**MATERIAL TO PROCESS:**
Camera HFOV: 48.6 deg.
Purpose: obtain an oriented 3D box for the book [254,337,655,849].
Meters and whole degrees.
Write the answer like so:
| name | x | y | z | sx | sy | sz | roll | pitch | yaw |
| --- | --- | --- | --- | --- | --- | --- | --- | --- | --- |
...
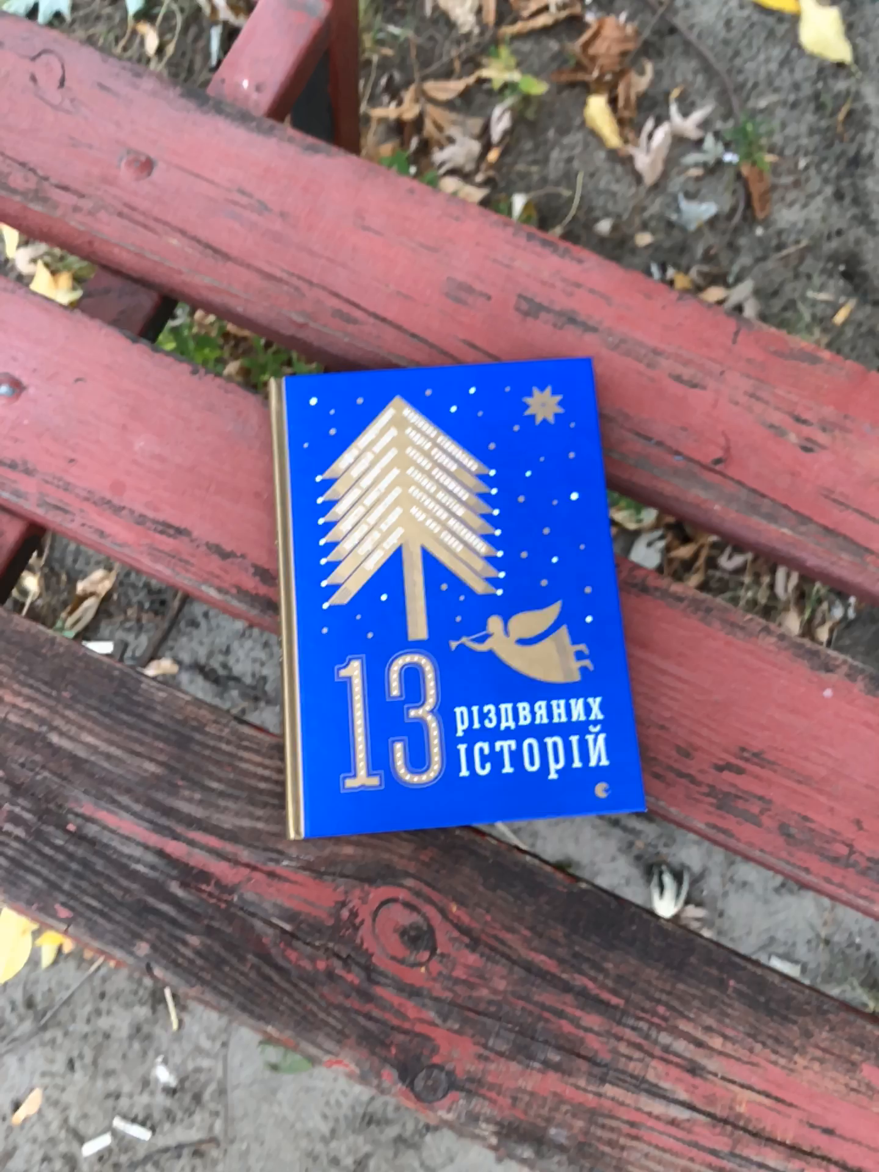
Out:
| name | x | y | z | sx | sy | sz | roll | pitch | yaw |
| --- | --- | --- | --- | --- | --- | --- | --- | --- | --- |
| book | 0.002 | -0.001 | 0.425 | 0.155 | 0.020 | 0.212 | -4 | 78 | -1 |
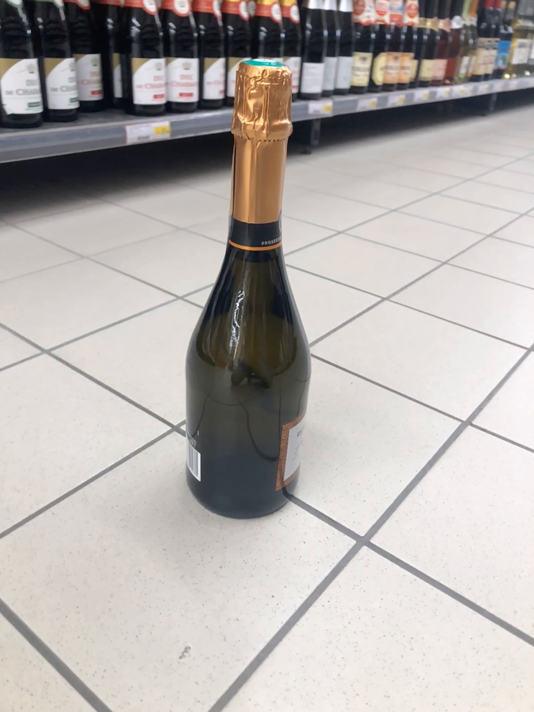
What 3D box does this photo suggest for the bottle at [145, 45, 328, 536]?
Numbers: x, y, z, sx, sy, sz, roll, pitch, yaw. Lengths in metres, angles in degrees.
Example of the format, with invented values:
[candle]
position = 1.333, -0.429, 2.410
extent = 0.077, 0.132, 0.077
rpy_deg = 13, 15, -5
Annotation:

**EXERCISE PROMPT:** Exactly as written, give again every line from the one containing "Meters and whole degrees." through the last line of the material, both included, with the pictures left out.

**RESULT OF THIS TASK:**
Meters and whole degrees.
Write the answer like so:
| name | x | y | z | sx | sy | sz | roll | pitch | yaw |
| --- | --- | --- | --- | --- | --- | --- | --- | --- | --- |
...
Out:
| name | x | y | z | sx | sy | sz | roll | pitch | yaw |
| --- | --- | --- | --- | --- | --- | --- | --- | --- | --- |
| book | 0.002 | -0.001 | 0.425 | 0.155 | 0.020 | 0.212 | -4 | 78 | -1 |
What 3D box does this photo suggest for the bottle at [145, 45, 328, 536]?
Numbers: x, y, z, sx, sy, sz, roll, pitch, yaw. Lengths in metres, angles in degrees.
Example of the format, with invented values:
[candle]
position = 1.333, -0.429, 2.410
extent = 0.077, 0.132, 0.077
rpy_deg = 13, 15, -5
Annotation:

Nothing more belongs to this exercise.